Taran is—was—her husband,
he silently added, using our telepathic connection.

Ethan put a supportive hand on her back, the familiar line of worry between his eyes. And although he didn't speak the words—silently or otherwise—I could read his thoughts well enough:
What have we stepped into now?

“Come,” he said, walking her to the sofa and helping her sit. “Tell us what's happened.”

She gripped the couch's arm, shook her head. “I came home, and Taran was lying on the floor.” She looked down, eyes tracing back and forth, as if she was seeing him there again. “I thought he'd fallen. Tripped. I teased him about it—something about how he'd better get up, the clumsy man—but that's when I realized . . . He was dead.”

She sobbed, covered her face with her hands, while Ethan stroked a hand over her back.

Her grief was obvious, palpable, and a haunting reminder. I'd lost Ethan once upon a very dark time, and even though I'd gotten him back by a miracle of broken magic, I still remembered the all-consuming grief. The pain of it, the frustration, the sense the world would never be right again.

Ethan met my eyes, acknowledging the pain he must have guessed I'd remembered.

I'll get her something to drink,
I told him. I went into the kitchen, poured water into a glass from a sealed bottle in the refrigerator, carried it back.

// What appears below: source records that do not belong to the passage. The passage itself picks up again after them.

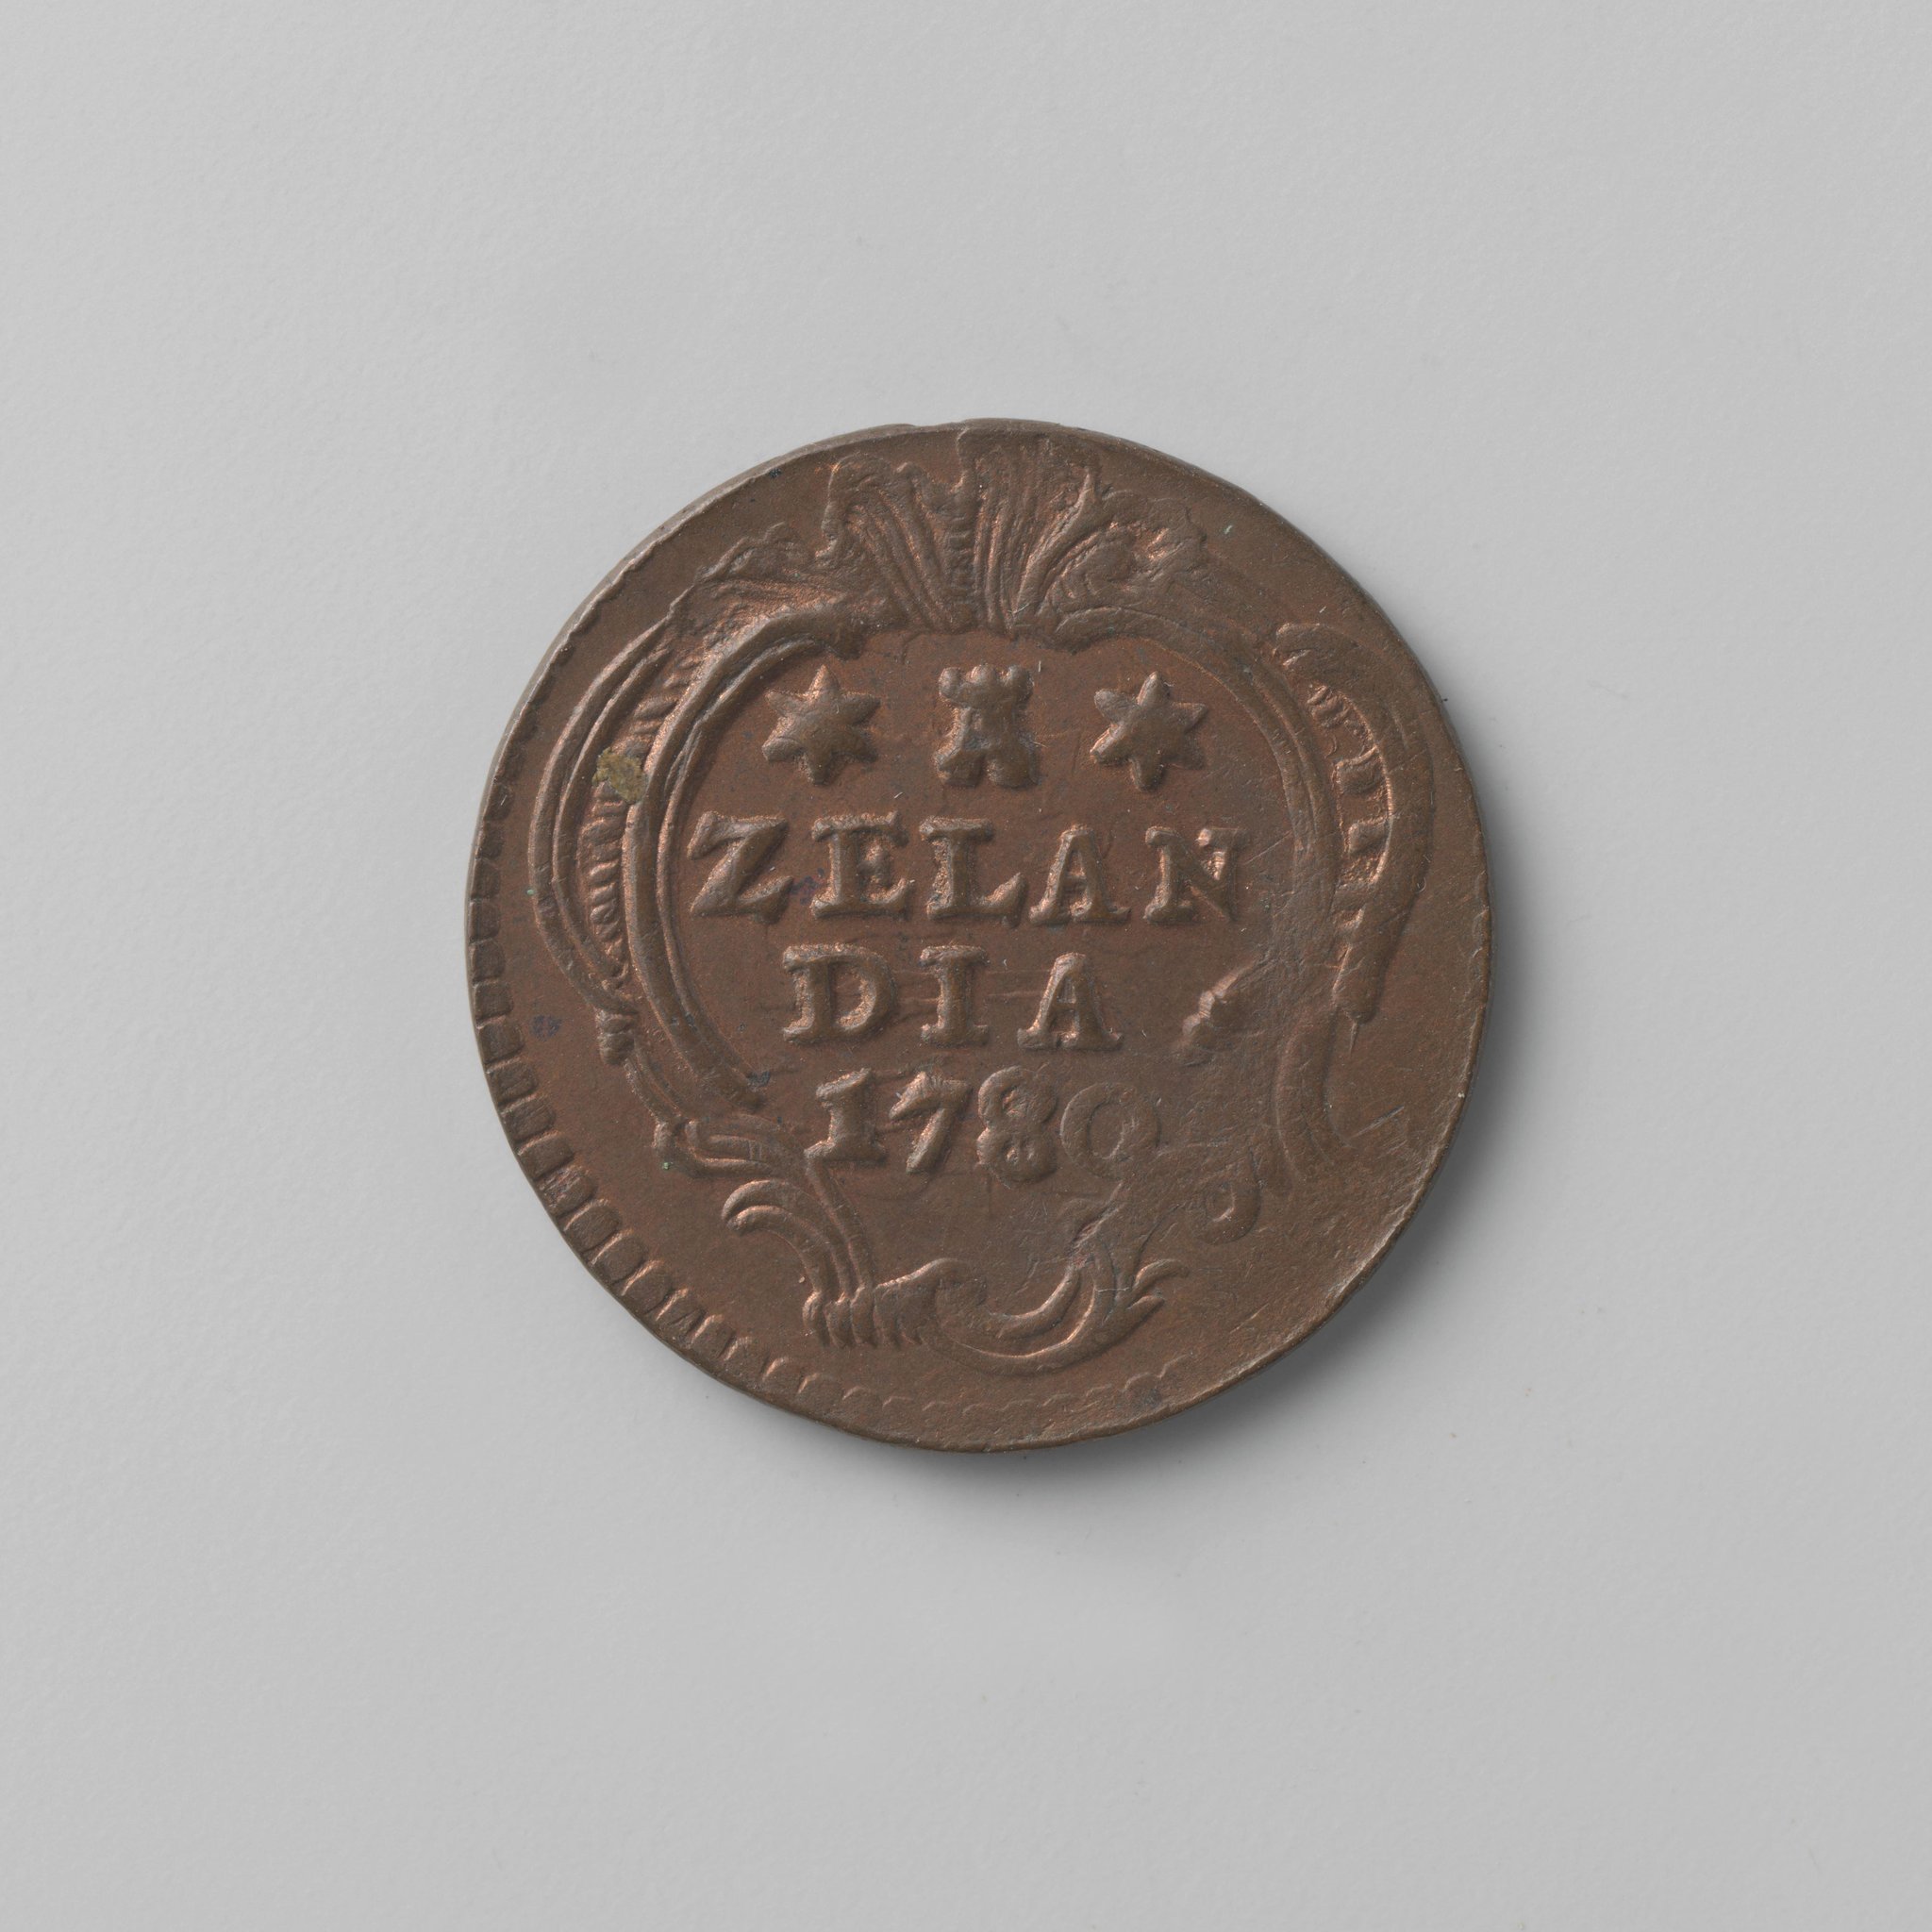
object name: coin
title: Zeeuwse duit, 1780
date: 1780
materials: copper
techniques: striking
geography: middelburg
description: Kopren munt. Voorzijde: in rococo-lijst gekroond ovaal wapenschild van Zeeland. Keerzijde: in een rococo-versiering opschrift in drie regels, waarboven muntteken burcht tussen twee sterren en waaronder jaartal.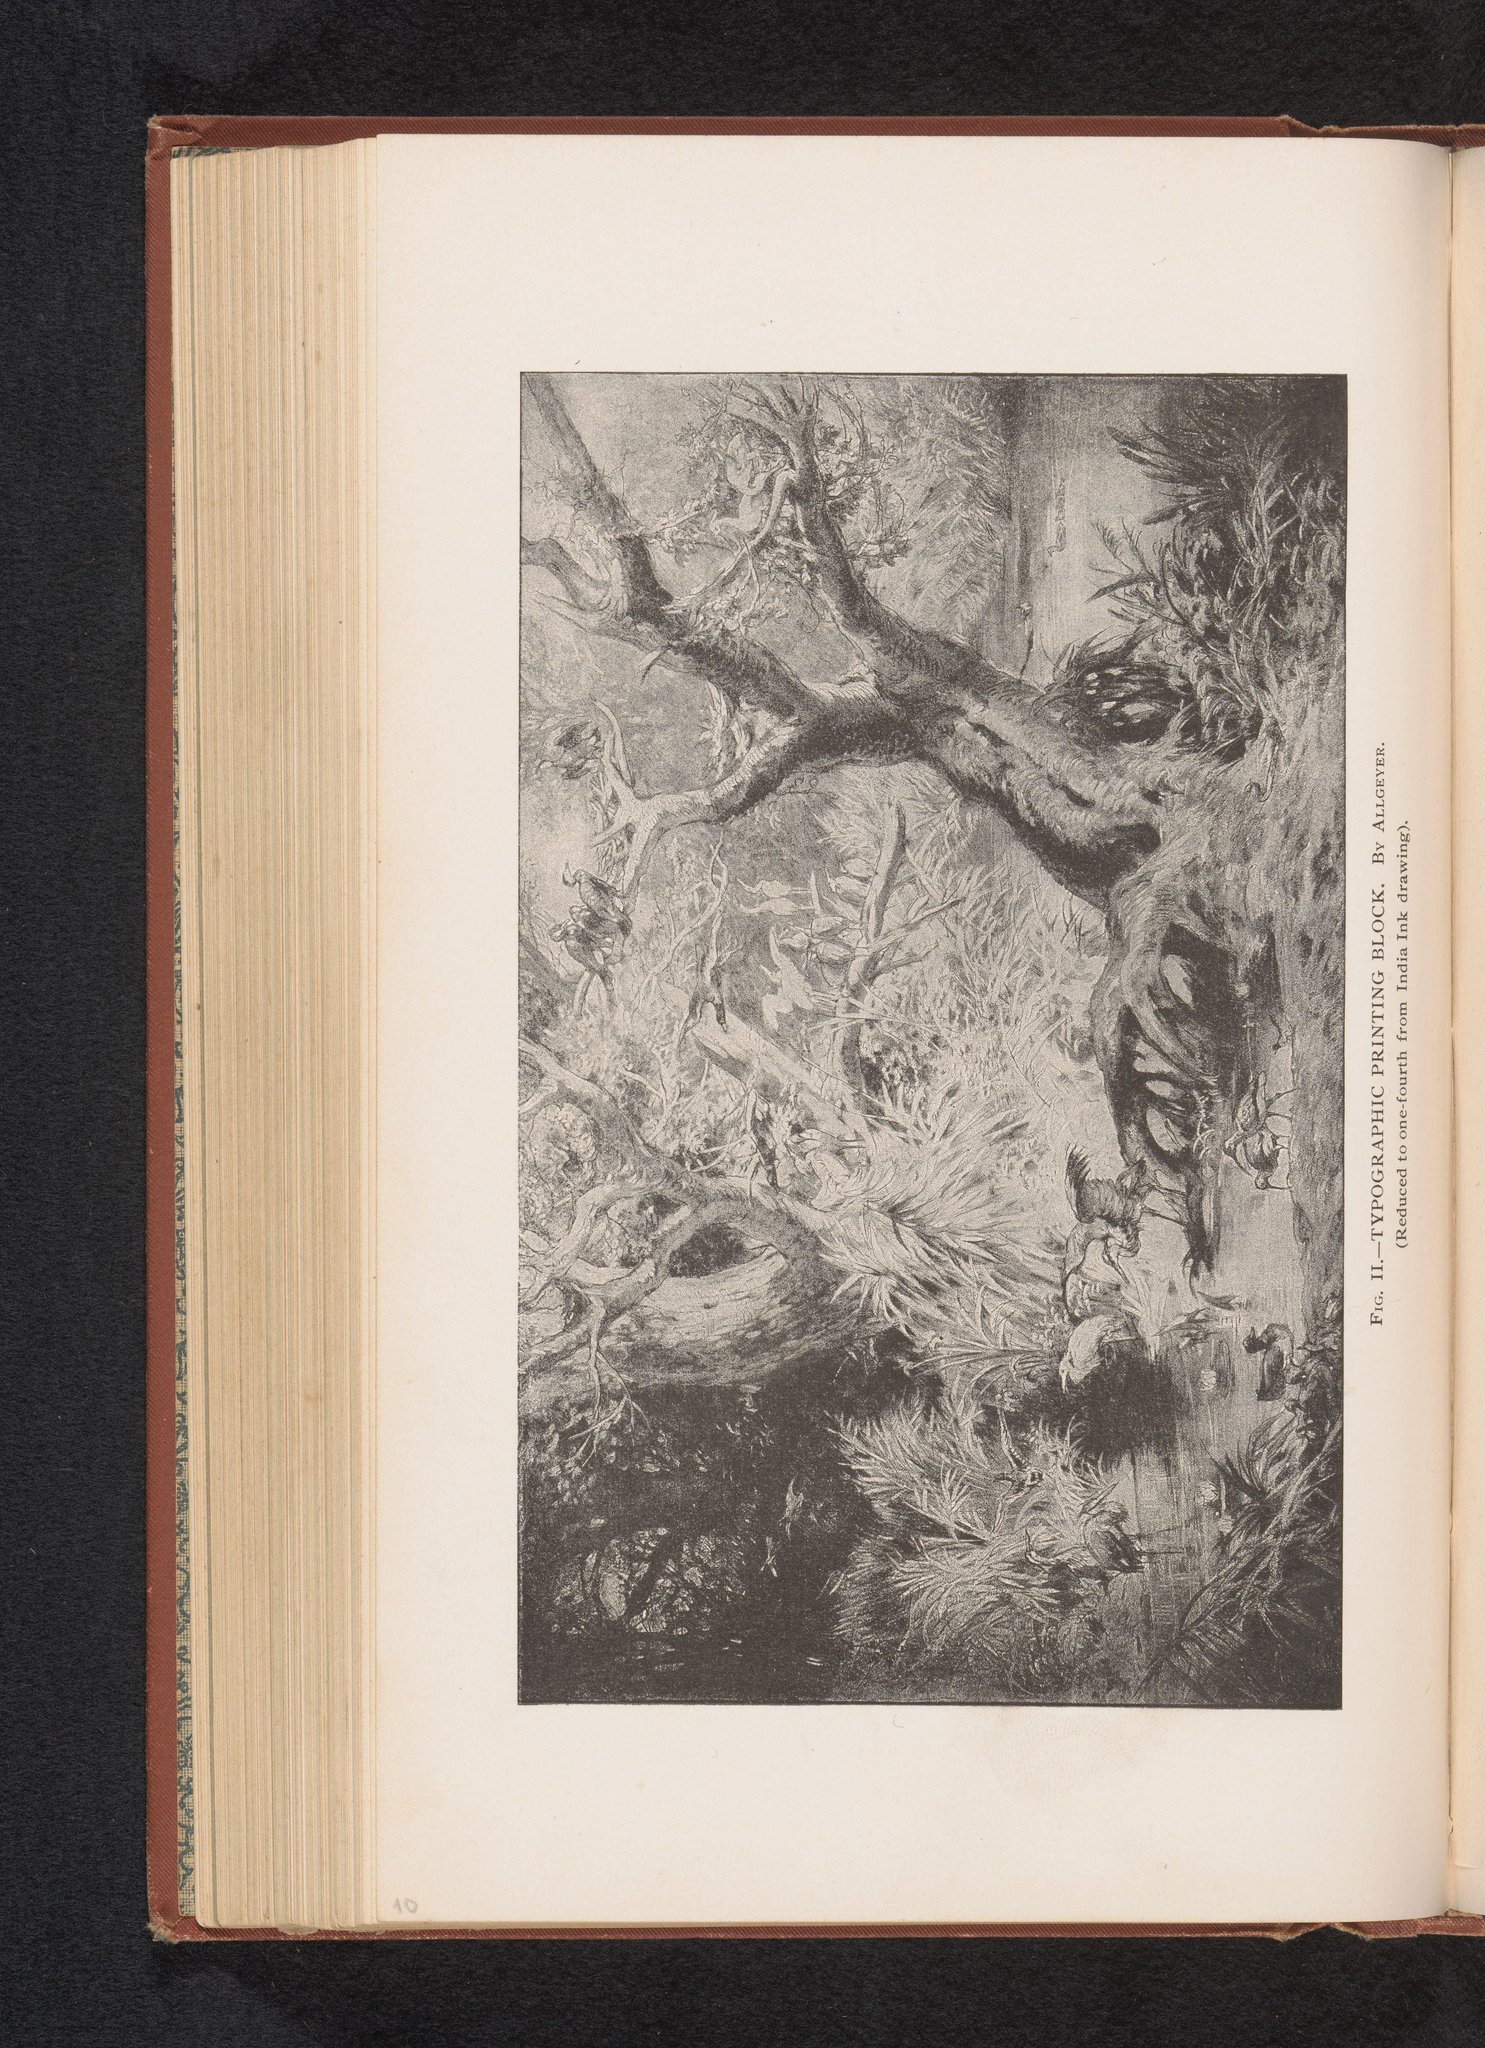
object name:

Ethan reached for it, our fingers brushing as I passed it over. He fitted it between Nessa's hands, now kneading fists in her lap.

“Drink,” he said, and she nodded, tipped up the glass with shaky hands.

Ethan waited until she'd lowered it again. “Have you called the authorities?”

“The sheriff,” Nessa said with a teary nod. “Tom McKenzie. There are a lot of McKenzies in the valley. He came with a deputy and they started looking around. I went outside to get air, and then I started walking . . .” She looked around the living room as if utterly surprised to have found herself there. “I came here.”

“Will they be looking for you?” Ethan's question was quiet, his tone cautious.

“I don't know. Probably.” Her eyes filled again, and this time there was fear in them.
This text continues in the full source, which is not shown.